Sur le point d’éternuer depuis 8 mois, il n’en peut plus et réclame l’euthanasie

TOURS, INDRE-ET-LOIRE – Sébastien, Tourangeau de 37 ans, vit un enfer. Bloqué dans une phase de pré-éternuement depuis de longs mois, il n’est plus capable de mener une vie normale. Ayant perdu son emploi puis sa compagne, il ne voit plus aucune raison de s’accrocher à la vie et réclame l’euthanasie. Reportage.

C’est lors d’un banal repas de famille dominical que la vie de Sébastien prend un triste tournant. Prenant la parole devant sa compagne, ses parents et beau-parents pour annoncer sa promotion, le commercial sent un éternuement monter. Debout devant sa famille, figé la bouche ouverte, les yeux mi-clos et un doigt sous son nez, il l’attend. Seulement voilà : non seulement l’éternuement n’arrive pas, mais la sensation et les symptômes du “pré-éternuement” restent. Au bout de plusieurs minutes, certains commencent à se poser des questions. Véronika, l’ex-compagne de Sébastien, a été la première a réagir «Au bout de 6 ou 7 minutes, j’ai cru à une blague, mais Sébastien n’a pas beaucoup d’humour, il est toujours sérieux à propos de tout. Je lui ai demandé si ça allait mais à part “aaaaahhh… aaaahhhh…” il ne disait rien d’autre ».

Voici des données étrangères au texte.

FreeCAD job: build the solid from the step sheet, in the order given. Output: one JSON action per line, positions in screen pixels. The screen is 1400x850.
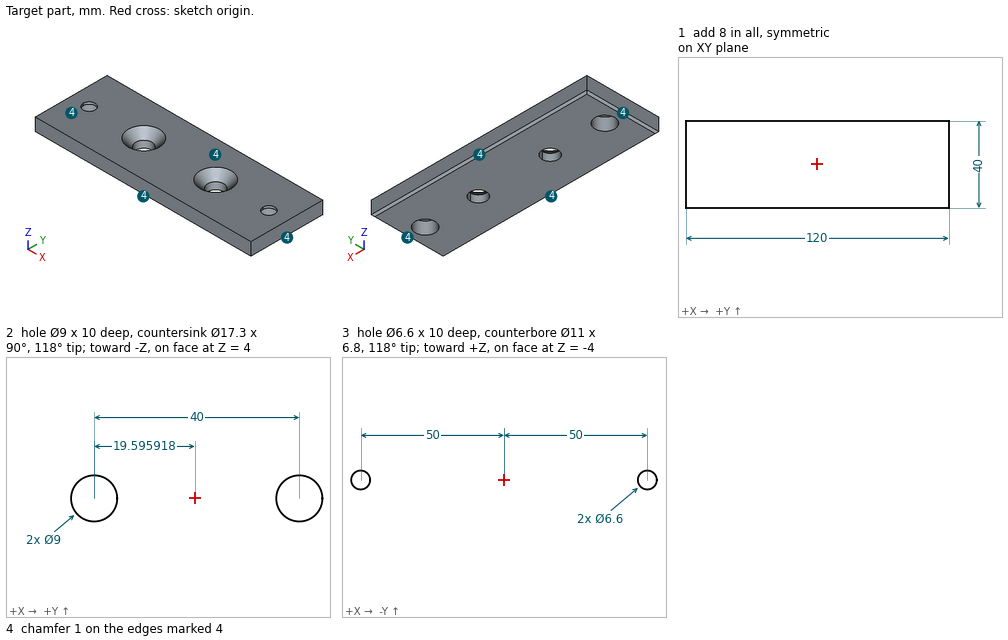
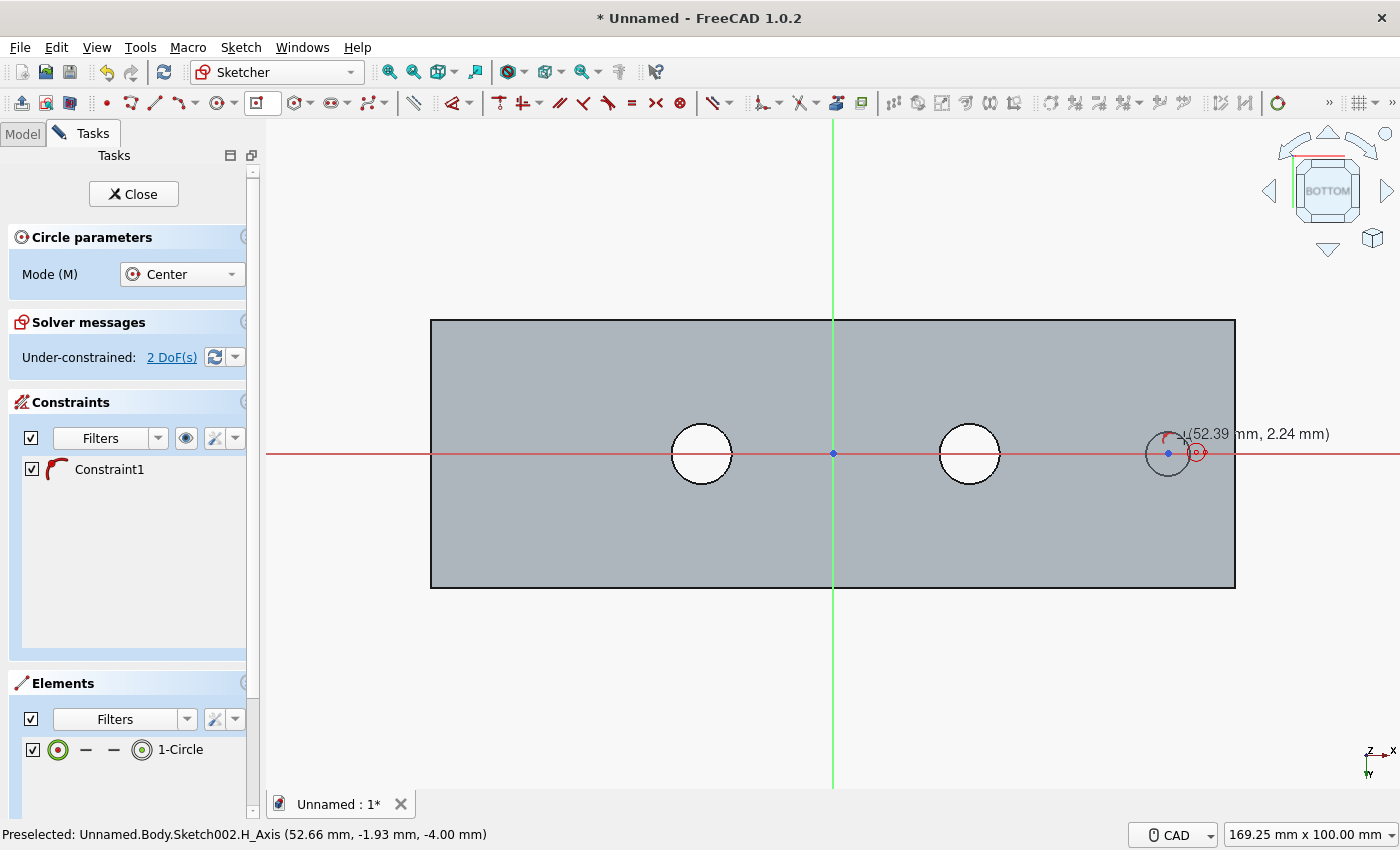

Le temps passe, sans que la situation de Sébastien ne s’améliore. Toujours sur le point d’éternuer, l’homme semble figé dans une situation d’urgence qui l’empêche de se concentrer sur quoi que ce soit. Sollicitée par la famille,la médecine n’a malheureusement aucune explication ni traitement. Pour le docteur Pierre-Louis Müller, chercheur en oto-rhino-laryngologie, il s’agit là du plus grand mystère de sa carrière : « Je n’ai jamais vu cela de toute ma vie, c’est aussi intéressant que malheureux. Nous avons tout essayé pour provoquer l’éternuement : poivre, lumière vive, courants d’air froids… tout ce que nous avons réussi à faire, me semble-t-il, c’est d’ajouter des éternuements en attente derrière celui-là.. ce qui n’a fait qu’empirer la situation ».

Ses capacités motrices et intellectuelles fortement réduites, Sébastien n’arrive pas à mettre lui-même fin à ses jours. Demandant régulièrement par écrit à ses proches de “l’aider à en finir”, ces derniers ne semblent pas enclins à considérer la requête. « Ça finira bien par sortir, ça finit toujours par sortir » déclarait avec sagesse la mère de Sébastien en lui essuyant la bouche.